What is required | Where the lines below hold images, skip those and copy every word exactly.
Start of Provided material
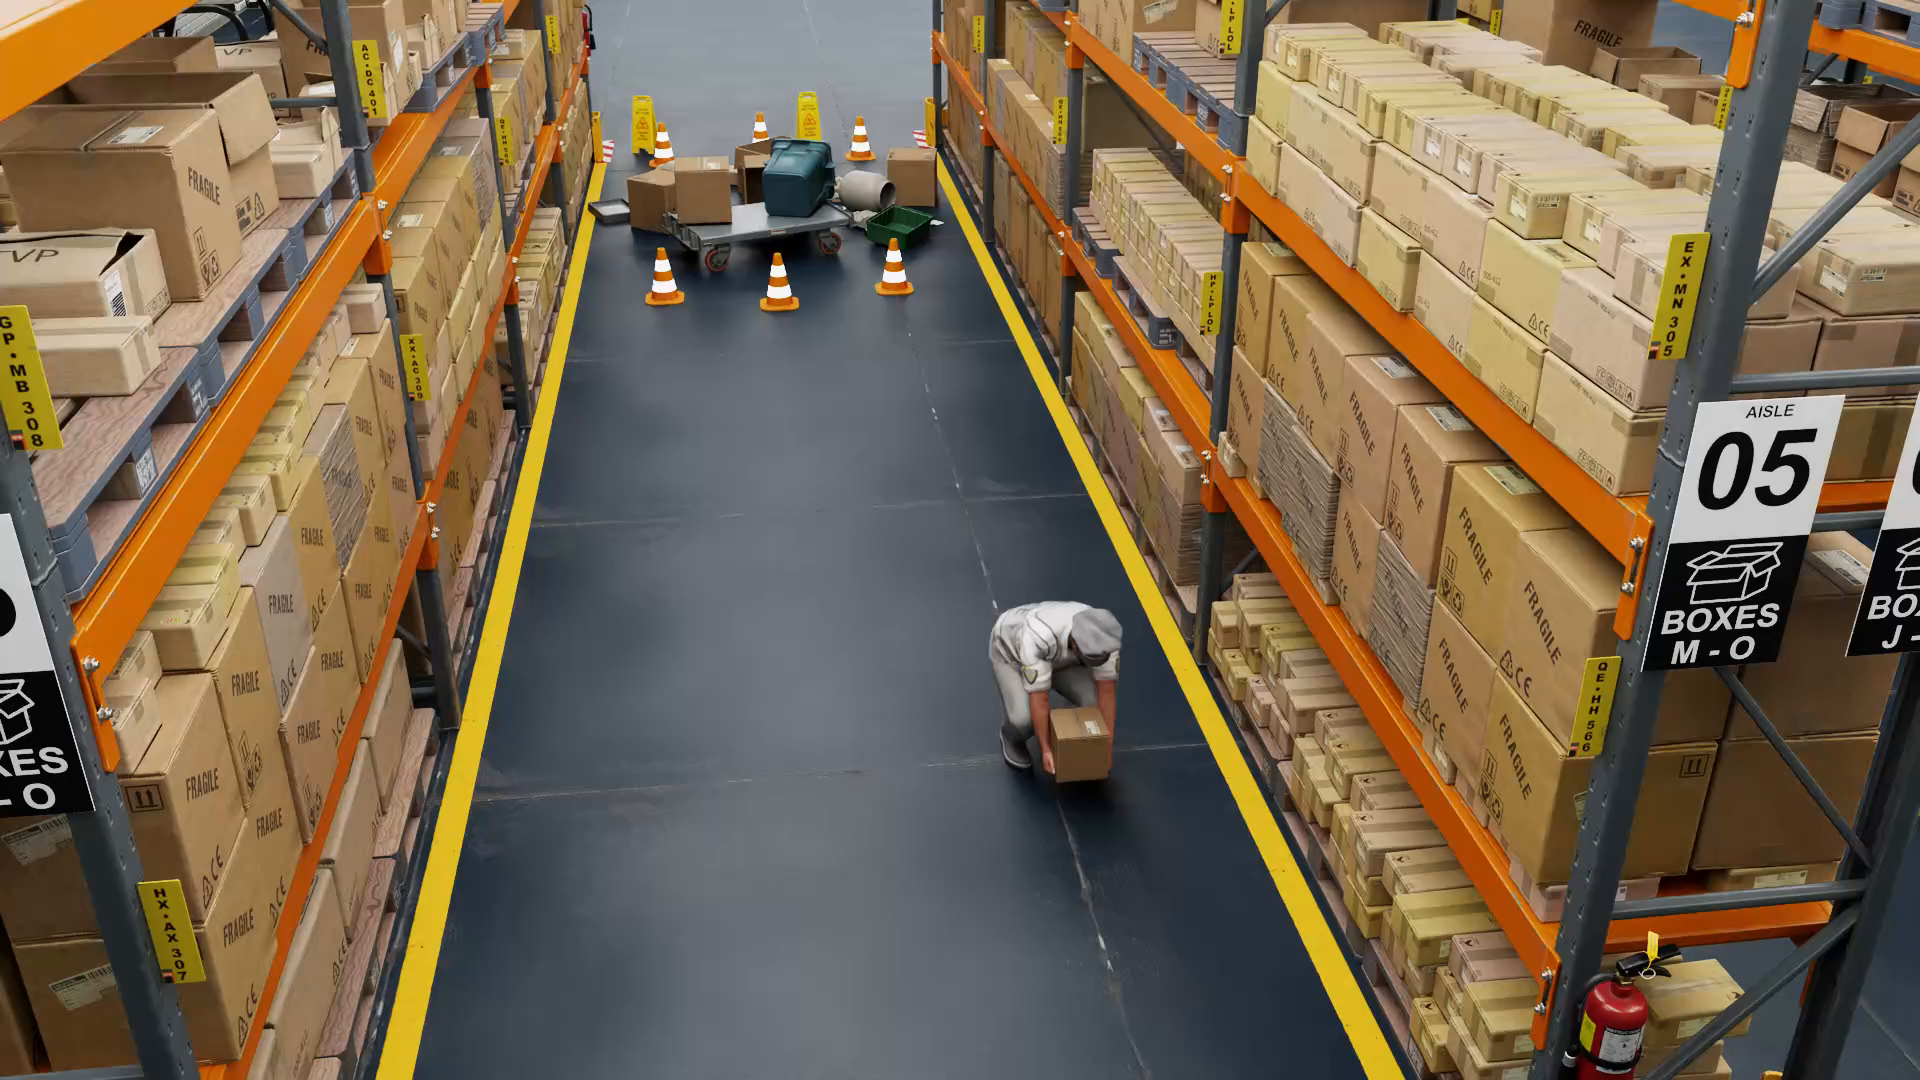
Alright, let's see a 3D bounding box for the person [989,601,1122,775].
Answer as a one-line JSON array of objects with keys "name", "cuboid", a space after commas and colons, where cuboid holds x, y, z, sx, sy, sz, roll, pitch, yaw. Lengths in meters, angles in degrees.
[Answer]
[{"name": "person", "cuboid": [0.470, 0.666, 8.113, 0.534, 1.030, 0.936, -8, 28, -16]}]
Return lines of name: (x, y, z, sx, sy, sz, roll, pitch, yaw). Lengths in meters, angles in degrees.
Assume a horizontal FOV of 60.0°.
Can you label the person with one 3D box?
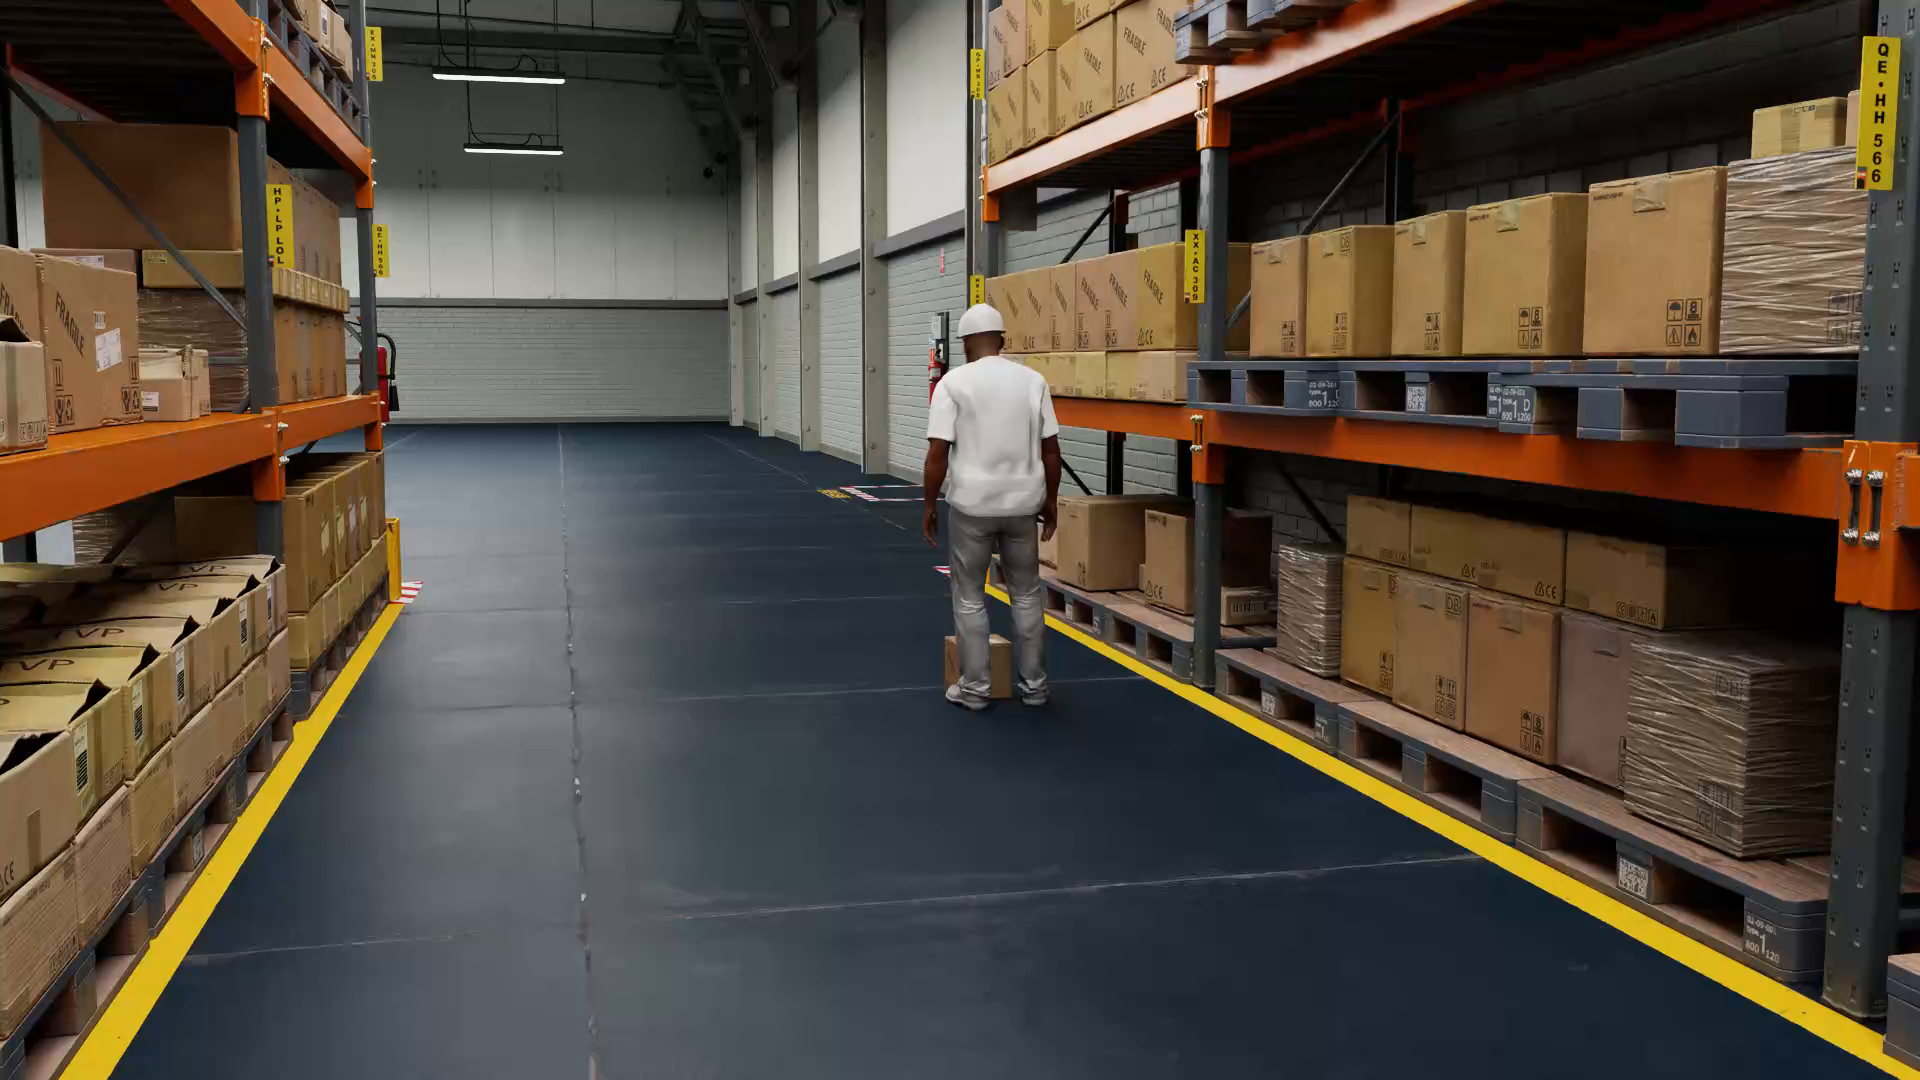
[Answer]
person: (0.136, -0.149, 7.274, 0.634, 1.760, 0.460, -2, 6, -17)
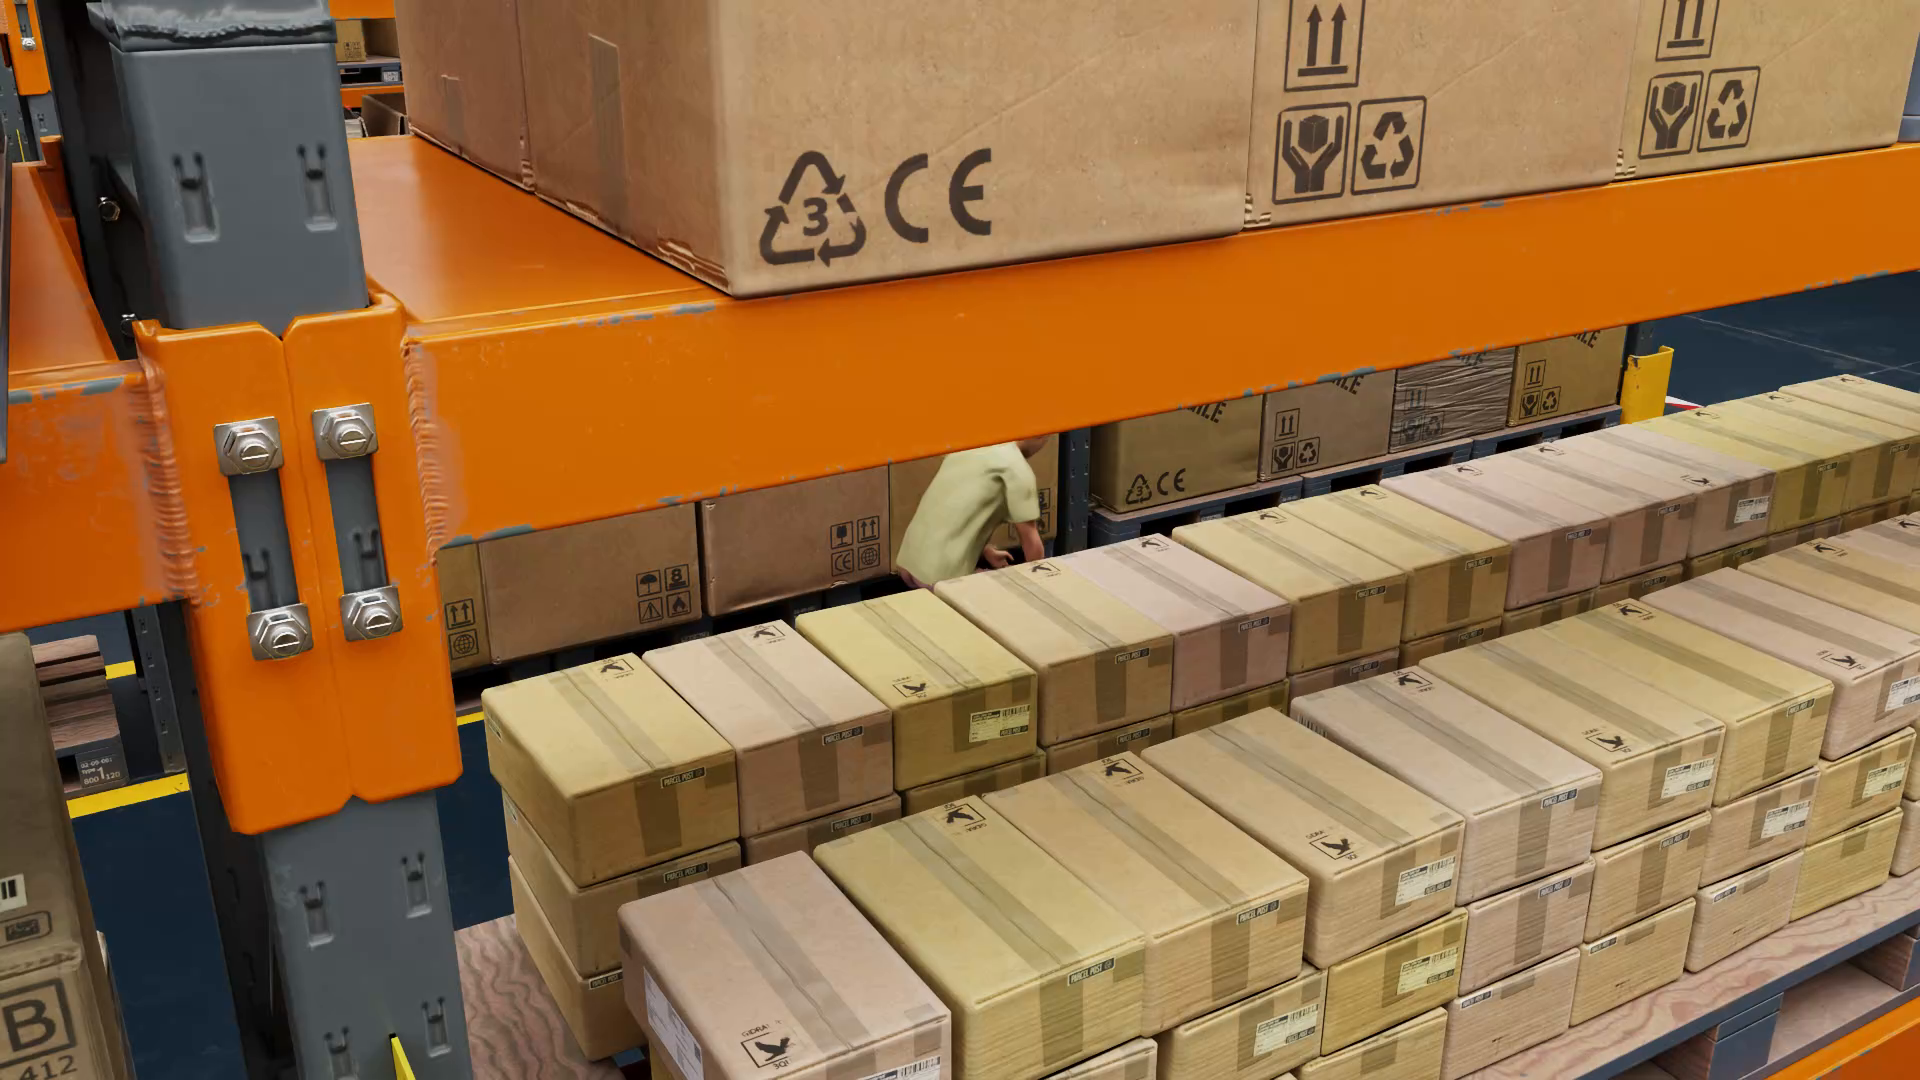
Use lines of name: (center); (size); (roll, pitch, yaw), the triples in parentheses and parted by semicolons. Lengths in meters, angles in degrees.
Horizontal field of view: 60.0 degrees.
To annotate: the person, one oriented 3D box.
person: (0.077, 0.089, 6.371); (0.680, 1.307, 0.512); (-12, 25, -28)
End of Provided material
Your solution |
Alright, let's see a 3D bounding box for the person [989,601,1122,775].
Answer as a one-line JSON array of objects with keys "name", "cuboid", a space after commas and colons, where cuboid holds x, y, z, sx, sy, sz, roll, pitch, yaw. Lengths in meters, angles in degrees.
[Answer]
[{"name": "person", "cuboid": [0.470, 0.666, 8.113, 0.534, 1.030, 0.936, -8, 28, -16]}]
Return lines of name: (x, y, z, sx, sy, sz, roll, pitch, yaw). Lengths in meters, angles in degrees.
Assume a horizontal FOV of 60.0°.
Can you label the person with one 3D box?
[Answer]
person: (0.136, -0.149, 7.274, 0.634, 1.760, 0.460, -2, 6, -17)
Use lines of name: (center); (size); (roll, pitch, yaw), the triples in parentheses and parted by semicolons. Lengths in meters, angles in degrees.
Horizontal field of view: 60.0 degrees.
To annotate: the person, one oriented 3D box.
person: (0.077, 0.089, 6.371); (0.680, 1.307, 0.512); (-12, 25, -28)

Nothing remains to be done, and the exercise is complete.